Auf Loretto und in dem neuen Gewerbegebiet Ziegeleschle wurden Magnetometerprospektionen (auch Geomagnetik genannt) durchgeführt. Auf dem hierdurch angefertigten digitalen Bild ließen sich dort Siedlungsreste erkennen.

Das Magnetfeld der Erde wird durch die magnetischen Eigenschaften verschiedener Materialien, wie Gesteine, Böden, gebrannte Lehmziegel oder Holzreste gestört ‒ also auch von archäologischen Überresten. Zur Aufzeichnung dieser Magnetfeldstörungen kommt ein hochempfindliches Cäsium-Magnetometer auf einem Rollwagen zum Einsatz. Auch Unterschiede zwischen den physikalischen Eigenschaften des Zielobjekts und dem umgebenden Boden lassen sich hierbei messen.

Ausgrabungen
Ziegeleschle
15. März 2023

Die Firma ArchaeoTask hatte das Gelände mit dem Bagger und Sonden durchsucht und es konnten Artefakte aus dem Endneolithikum gefunden werden.

Das Endneolithikum bezeichnet die jüngste neolithische Unterstufe am Übergang zur Bronzezeit. Es wird mit dem Beginn der „Schnurkeramik“ (veraltet auch Streitaxt-Kultur) gleichgesetzt und reicht in Süd- und Mitteldeutschland von ca. 2800–2200 v. Chr.
(*und nein, liebe CDU, „die Eiszeit“ war es nicht.)

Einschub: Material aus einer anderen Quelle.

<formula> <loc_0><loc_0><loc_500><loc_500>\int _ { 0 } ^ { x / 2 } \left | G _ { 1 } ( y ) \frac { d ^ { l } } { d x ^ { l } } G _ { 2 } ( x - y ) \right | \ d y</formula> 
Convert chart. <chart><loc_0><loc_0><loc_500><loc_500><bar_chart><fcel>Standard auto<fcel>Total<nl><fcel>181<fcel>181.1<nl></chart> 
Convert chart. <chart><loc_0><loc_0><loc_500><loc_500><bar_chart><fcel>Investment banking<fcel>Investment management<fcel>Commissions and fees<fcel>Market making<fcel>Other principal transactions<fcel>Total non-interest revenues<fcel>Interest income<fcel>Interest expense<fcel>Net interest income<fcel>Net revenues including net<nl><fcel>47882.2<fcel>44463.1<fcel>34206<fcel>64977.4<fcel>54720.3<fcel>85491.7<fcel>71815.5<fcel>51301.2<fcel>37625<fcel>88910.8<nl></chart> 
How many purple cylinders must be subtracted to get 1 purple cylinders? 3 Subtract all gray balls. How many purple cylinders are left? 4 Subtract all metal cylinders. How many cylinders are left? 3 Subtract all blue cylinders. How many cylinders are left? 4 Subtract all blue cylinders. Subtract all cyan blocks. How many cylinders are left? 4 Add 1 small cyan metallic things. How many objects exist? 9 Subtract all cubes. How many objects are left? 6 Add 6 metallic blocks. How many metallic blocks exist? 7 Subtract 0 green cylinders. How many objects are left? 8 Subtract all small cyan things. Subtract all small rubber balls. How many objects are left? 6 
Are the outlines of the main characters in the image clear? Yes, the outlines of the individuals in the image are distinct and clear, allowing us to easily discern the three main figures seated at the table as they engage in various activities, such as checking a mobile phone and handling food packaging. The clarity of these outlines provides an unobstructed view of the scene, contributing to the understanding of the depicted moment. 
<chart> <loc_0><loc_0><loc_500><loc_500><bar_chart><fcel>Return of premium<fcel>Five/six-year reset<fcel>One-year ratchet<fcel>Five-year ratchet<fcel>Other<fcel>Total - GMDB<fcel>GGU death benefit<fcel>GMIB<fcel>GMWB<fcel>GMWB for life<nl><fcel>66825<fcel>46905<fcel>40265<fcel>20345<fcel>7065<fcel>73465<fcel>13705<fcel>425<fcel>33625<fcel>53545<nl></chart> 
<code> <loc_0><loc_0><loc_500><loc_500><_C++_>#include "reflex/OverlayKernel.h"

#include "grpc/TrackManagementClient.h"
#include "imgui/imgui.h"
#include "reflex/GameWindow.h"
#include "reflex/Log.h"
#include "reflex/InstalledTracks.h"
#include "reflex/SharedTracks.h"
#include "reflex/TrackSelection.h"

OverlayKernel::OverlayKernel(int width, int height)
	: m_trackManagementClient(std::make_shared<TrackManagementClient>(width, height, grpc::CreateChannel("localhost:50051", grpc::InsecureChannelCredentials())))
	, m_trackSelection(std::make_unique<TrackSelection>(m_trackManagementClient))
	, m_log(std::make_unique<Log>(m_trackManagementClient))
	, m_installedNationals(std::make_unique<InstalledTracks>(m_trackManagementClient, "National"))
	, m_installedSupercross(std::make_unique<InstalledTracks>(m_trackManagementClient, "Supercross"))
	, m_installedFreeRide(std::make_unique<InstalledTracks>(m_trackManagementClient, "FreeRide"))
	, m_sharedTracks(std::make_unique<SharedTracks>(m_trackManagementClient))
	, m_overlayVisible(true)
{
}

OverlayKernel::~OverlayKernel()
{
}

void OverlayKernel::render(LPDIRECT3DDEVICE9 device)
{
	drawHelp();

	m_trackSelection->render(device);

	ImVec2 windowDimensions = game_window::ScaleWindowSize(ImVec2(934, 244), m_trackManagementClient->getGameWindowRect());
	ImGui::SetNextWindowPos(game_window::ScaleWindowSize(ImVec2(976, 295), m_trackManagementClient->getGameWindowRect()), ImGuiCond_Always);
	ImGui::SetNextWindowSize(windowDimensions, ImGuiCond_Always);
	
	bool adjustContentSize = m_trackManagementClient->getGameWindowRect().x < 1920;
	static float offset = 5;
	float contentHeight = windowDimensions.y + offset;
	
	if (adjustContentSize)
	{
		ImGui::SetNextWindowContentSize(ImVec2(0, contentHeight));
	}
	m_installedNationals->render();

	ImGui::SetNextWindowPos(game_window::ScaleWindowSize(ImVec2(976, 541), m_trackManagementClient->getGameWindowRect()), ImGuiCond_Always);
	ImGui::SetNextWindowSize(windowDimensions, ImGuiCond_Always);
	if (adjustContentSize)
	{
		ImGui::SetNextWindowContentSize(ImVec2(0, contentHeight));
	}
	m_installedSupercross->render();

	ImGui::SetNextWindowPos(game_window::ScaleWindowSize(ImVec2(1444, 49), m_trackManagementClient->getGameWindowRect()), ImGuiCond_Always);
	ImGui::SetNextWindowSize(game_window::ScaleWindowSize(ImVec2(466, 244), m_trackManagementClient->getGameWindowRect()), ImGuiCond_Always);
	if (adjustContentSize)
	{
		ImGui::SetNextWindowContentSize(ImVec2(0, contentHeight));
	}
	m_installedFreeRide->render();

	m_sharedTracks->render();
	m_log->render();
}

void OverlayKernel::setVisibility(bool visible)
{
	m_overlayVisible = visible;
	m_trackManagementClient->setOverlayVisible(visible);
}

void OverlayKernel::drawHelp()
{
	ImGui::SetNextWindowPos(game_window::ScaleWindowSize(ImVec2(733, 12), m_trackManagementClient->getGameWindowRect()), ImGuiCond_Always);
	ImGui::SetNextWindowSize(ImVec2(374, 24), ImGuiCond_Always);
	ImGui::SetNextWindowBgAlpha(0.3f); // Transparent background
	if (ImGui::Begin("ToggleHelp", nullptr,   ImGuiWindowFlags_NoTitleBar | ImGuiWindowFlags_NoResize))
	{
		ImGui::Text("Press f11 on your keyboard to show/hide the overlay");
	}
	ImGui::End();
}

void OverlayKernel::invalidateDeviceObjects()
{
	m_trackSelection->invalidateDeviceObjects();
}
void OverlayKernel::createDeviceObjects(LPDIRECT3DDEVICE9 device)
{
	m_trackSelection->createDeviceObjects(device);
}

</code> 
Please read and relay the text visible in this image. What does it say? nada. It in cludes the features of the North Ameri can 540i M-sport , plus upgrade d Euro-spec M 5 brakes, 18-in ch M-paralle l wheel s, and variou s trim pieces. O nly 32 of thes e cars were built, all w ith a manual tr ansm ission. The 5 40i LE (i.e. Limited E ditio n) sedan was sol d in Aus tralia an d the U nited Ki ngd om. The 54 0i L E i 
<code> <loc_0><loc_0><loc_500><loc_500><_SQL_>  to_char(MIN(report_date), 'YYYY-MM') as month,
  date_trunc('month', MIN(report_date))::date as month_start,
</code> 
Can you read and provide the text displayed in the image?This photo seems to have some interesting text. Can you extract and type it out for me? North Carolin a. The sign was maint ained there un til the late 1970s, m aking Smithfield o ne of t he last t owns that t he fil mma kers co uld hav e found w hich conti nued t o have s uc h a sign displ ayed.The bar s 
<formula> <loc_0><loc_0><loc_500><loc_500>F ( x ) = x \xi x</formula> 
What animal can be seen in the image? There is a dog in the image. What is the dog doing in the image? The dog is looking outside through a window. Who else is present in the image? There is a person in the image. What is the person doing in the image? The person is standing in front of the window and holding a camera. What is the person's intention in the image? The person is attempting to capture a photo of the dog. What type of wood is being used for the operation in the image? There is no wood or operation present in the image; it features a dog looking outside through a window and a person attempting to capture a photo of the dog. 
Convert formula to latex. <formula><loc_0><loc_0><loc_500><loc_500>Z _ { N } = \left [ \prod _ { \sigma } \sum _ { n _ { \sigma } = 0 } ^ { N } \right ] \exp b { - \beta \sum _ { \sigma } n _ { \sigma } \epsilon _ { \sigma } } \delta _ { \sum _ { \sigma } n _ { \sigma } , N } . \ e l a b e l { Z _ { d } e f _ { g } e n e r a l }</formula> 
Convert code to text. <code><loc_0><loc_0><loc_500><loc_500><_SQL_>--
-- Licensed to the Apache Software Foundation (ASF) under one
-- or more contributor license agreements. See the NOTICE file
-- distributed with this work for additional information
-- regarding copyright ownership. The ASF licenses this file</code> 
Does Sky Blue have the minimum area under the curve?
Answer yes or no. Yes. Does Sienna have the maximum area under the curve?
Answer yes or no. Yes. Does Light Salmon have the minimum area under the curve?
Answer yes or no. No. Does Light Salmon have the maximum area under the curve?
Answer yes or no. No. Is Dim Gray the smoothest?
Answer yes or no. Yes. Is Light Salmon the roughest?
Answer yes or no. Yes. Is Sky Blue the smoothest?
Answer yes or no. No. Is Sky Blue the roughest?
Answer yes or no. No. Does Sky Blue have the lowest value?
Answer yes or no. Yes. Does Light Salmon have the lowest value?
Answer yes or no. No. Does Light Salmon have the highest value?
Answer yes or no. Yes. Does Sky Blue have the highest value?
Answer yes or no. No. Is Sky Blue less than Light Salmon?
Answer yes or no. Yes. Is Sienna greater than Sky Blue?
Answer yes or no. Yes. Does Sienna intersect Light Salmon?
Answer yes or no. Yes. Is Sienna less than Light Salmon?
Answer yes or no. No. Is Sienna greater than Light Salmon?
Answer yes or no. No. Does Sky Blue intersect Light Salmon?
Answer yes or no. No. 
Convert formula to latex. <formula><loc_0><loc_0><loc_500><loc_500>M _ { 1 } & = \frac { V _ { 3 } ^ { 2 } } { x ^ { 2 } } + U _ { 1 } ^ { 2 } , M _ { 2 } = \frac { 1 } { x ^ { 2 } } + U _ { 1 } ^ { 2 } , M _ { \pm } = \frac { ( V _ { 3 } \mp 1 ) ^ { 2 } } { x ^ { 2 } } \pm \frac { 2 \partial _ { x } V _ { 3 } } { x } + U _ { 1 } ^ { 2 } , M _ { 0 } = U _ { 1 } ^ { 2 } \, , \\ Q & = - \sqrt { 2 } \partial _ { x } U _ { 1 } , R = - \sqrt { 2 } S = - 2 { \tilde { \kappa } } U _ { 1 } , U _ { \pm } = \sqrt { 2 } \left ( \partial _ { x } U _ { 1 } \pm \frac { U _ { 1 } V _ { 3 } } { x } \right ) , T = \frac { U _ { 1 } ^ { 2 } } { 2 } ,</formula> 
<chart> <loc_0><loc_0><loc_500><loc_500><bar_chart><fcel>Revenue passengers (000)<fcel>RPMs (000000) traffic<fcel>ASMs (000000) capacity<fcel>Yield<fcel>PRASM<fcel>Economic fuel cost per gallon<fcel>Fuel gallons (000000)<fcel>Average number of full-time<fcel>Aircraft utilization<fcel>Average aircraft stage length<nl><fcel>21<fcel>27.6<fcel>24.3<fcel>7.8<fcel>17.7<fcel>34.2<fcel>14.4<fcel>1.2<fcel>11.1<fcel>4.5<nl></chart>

Steinaxt aus dem Endneolithikum.
Grabbeigaben aus der Jungsteinzeit.

Eine Silexklinge wird durch Abschlag aus Feuerstein (Silex) hergestellt.

Die Artefakte oben wurde beim diesjährigen Römerfest vom Denkmalamt ausgestellt. Dabei war auch noch ein mittelalterlicher Mühlstein, der womöglich als Baumaterial dort oben benutzt wurde.

Fragment eines Mühlsteines aus dem Hochmittelalter (11./12. Jahrhundert)

Bei den Ausgrabungen auf dem Mühlöschle wurden im Jahre 1958 zwei urnenfelderzeitliche Gräber gefunden. Die Urnenfelderkultur (1300 v. Chr. bis 800 v. Chr.) war später.